Mark Sullivan ’80, Rogue (New York: Minotaur Bks., 2012). It has been our pleasure to review Mark Sullivan’s thrillers since the first one, The Fall Line, was published in 1995. This latest is his eighth, and if you like your adrenaline stimulated and free-flowing, it is the book for you. Its central character is Robin Monarch, a former CIA operative who has gone rogue as a latter-day Robin Hood stealing from the super-rich to give to the poor. International capers follow, and there is plenty of propulsive action. Sullivan, who resides with his family in Montana, is a onetime Peace Corps volunteer in Niger who became an investigative reporter before turning his talents to fiction. He is the co-author, with James Patterson, of Private Games, which led The New York Times best-seller list earlier this year.

Charles Thacher ’63, Angling Books: A Guide for Collectors (Far Hills, N.J.: Meadow Run Pr., 2006). Although published several years ago, this impressive bibliographic work was only recently brought to our attention. Handsomely bound and containing physical descriptions, with estimated values, of some 15,000 books, both fiction and nonfiction, related to recreational fishing, it also provides information on availability. After his consulting business was sold in 1999, Charles Thacher, an enthusiastic angler, became hooked on collecting books on the subject, which in turn led to this 600-page bibliography, the product of much painstaking research. Specialized bibliographies may have a limited readership, but their ultimate value is beyond estimate.

Sarah J. Maas ’08 and Meagan “Meg” Spooner ’07 first met at Hamilton when both took a creative writing course focused on fiction in the spring of 2007. Maas was majoring in creative writing with a minor in religious studies, and Spooner concentrated in theatre with an emphasis on playwriting. They became fast friends, and their friendship has survived and flourished through their postgraduate years despite geographical distance: Maas is now in Southern California and Spooner is in Northern Virginia.

The two have something else in common besides mutual friendship, for both are the authors of young adult fantasy novels that were published this year. In addition, both of their debut efforts have been exceedingly well received and have generated quite a fan following.

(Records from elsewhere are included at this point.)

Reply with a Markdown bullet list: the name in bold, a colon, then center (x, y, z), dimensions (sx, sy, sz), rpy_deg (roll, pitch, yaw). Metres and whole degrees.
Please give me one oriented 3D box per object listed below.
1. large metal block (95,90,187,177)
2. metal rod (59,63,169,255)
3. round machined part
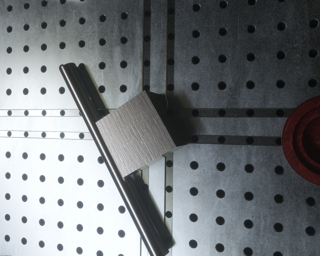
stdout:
- **large metal block**: center (-0.024, 0.008, 0.408), dimensions (0.080, 0.050, 0.080), rpy_deg (-32, 80, 17)
- **metal rod**: center (-0.068, 0.040, 0.436), dimensions (0.025, 0.025, 0.299), rpy_deg (-31, 80, 17)
- **round machined part**: center (0.185, 0.013, 0.338), dimensions (0.098, 0.042, 0.097), rpy_deg (0, 90, 20)
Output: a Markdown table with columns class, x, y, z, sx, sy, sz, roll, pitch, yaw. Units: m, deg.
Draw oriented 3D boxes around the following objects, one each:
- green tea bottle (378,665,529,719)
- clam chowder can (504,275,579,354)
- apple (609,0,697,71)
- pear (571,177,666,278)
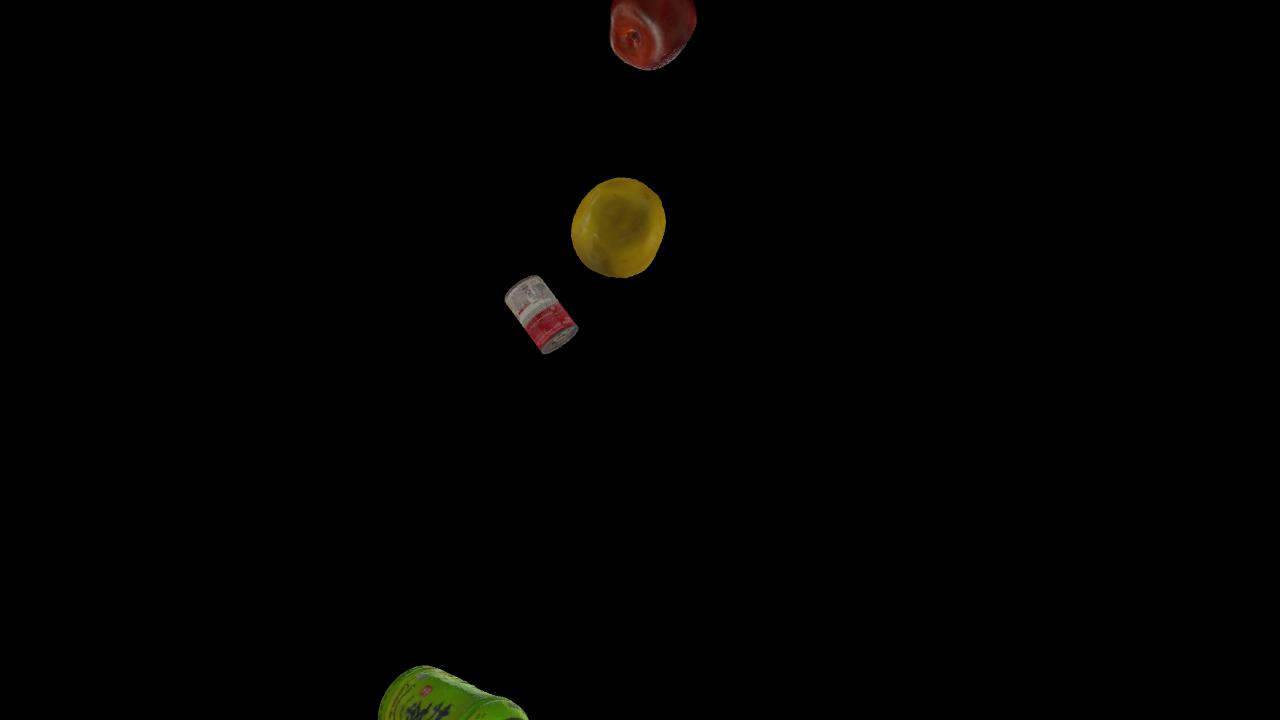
| class | x | y | z | sx | sy | sz | roll | pitch | yaw |
| --- | --- | --- | --- | --- | --- | --- | --- | --- | --- |
| green tea bottle | -0.140 | 0.302 | 0.495 | 0.073 | 0.073 | 0.212 | 0 | -9 | -44 |
| clam chowder can | -0.149 | -0.069 | 0.926 | 0.068 | 0.102 | 0.068 | -37 | -8 | -6 |
| apple | 0.013 | -0.318 | 0.576 | 0.079 | 0.093 | 0.079 | 22 | -34 | 16 |
| pear | -0.018 | -0.104 | 0.520 | 0.080 | 0.080 | 0.111 | 0 | -6 | -1 |
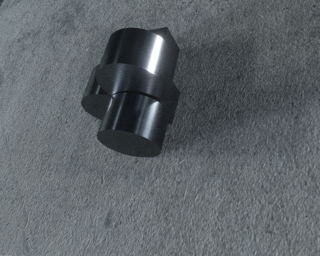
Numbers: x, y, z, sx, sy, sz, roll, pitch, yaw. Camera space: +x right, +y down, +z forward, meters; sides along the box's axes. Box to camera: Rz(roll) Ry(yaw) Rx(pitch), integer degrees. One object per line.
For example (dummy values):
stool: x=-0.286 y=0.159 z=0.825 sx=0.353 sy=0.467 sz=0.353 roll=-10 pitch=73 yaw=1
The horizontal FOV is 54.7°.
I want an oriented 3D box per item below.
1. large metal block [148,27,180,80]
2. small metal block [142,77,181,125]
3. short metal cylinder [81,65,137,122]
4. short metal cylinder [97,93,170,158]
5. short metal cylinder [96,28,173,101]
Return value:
large metal block: x=-0.023 y=-0.096 z=0.461 sx=0.080 sy=0.050 sz=0.080 roll=-2 pitch=61 yaw=27
small metal block: x=0.002 y=-0.038 z=0.414 sx=0.025 sy=0.050 sz=0.050 roll=1 pitch=62 yaw=29
short metal cylinder: x=-0.062 y=-0.045 z=0.431 sx=0.080 sy=0.080 sz=0.050 roll=-2 pitch=61 yaw=27
short metal cylinder: x=-0.033 y=-0.001 z=0.389 sx=0.080 sy=0.080 sz=0.050 roll=0 pitch=62 yaw=28
short metal cylinder: x=-0.029 y=-0.070 z=0.364 sx=0.080 sy=0.080 sz=0.050 roll=-2 pitch=61 yaw=27
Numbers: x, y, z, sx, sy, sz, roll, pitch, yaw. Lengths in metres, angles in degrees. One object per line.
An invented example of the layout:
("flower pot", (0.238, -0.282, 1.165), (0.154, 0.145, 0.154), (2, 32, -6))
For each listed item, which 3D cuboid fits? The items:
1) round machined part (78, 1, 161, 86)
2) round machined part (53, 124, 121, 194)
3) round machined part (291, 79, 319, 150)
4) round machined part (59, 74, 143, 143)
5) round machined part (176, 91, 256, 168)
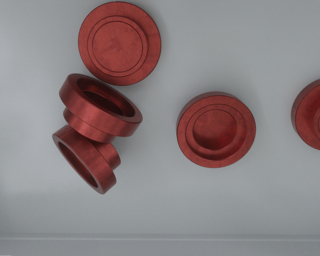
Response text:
("round machined part", (-0.048, -0.097, 0.366), (0.099, 0.042, 0.097), (0, 110, -1))
("round machined part", (-0.088, 0.034, 0.394), (0.042, 0.098, 0.098), (-41, 109, -24))
("round machined part", (0.224, -0.014, 0.394), (0.099, 0.042, 0.097), (2, 109, 6))
("round machined part", (-0.073, -0.019, 0.365), (0.098, 0.098, 0.042), (31, 107, -11))
("round machined part", (0.070, -0.001, 0.403), (0.099, 0.042, 0.097), (0, 110, -1))
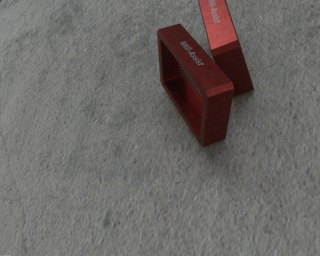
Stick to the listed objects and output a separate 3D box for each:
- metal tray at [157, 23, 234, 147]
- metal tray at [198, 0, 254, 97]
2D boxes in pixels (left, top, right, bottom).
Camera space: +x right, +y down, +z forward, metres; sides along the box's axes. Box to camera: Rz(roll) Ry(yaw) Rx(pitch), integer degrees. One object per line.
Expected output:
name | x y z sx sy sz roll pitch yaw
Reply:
metal tray | 0.037 -0.053 0.371 0.030 0.090 0.130 -19 51 -12
metal tray | 0.080 -0.115 0.389 0.030 0.090 0.130 -18 55 18
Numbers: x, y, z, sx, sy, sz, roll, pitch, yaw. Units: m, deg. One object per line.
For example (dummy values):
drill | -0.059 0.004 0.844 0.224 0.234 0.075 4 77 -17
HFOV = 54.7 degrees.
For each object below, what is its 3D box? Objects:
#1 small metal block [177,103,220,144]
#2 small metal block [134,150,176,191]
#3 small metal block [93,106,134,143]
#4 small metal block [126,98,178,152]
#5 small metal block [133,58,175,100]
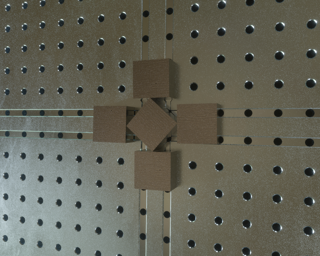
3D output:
small metal block | 0.049 -0.005 0.394 0.050 0.025 0.050 0 90 19
small metal block | -0.006 0.056 0.414 0.050 0.025 0.050 0 90 19
small metal block | -0.065 -0.005 0.434 0.050 0.025 0.050 2 91 19
small metal block | -0.007 -0.005 0.414 0.050 0.025 0.050 44 103 14
small metal block | -0.008 -0.064 0.414 0.050 0.025 0.050 -1 90 19
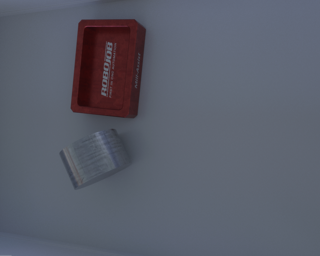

Maas’ Throne of Glass (New York: Bloomsbury, 2012) has been hailed as “an epic tale with all the romance of your favorite fairy tale,” with a little bit of magic and lots of plot twists thrown in. Its central character, the compellingly delineated heroine Celaena, is an 18-year-old, trained as an assassin. She inhabits an ingeniously ­created fantasy world that, in the words of Kirkus Review, “evokes a rich alternate universe with a spitfire young woman as its brightest star.”
New York native Maas first conceived of the idea for the story that eventuated in Throne of Glass when she was 16. Early versions of it, published online, resulted in a host of fans. Now that the finished ­version is in print, her fans no doubt look forward to more from her remarkably imaginative pen.

In the meantime, Spooner’s Skylark ­(Minneapolis: Carolrhoda Lab, 2012) was on its way to press and publication in October. Like Throne of Glass, it is a ­fantasy novel with an intrepid heroine, Lark Ainsley, but the world she inhabits is more dystopian, filled with fear and foreboding. In well-crafted prose, it transports the reader into a scary future world of “magic and danger,” which has been described by one reader as “multi-layered and darkly fascinating.”

Spooner, who has ­traveled around the globe with her family and even spent a few years living in Australia, has now settled down in Virginia, where she continues to write. She, too, has developed quite a following, as reflected in rave reviews on the Internet.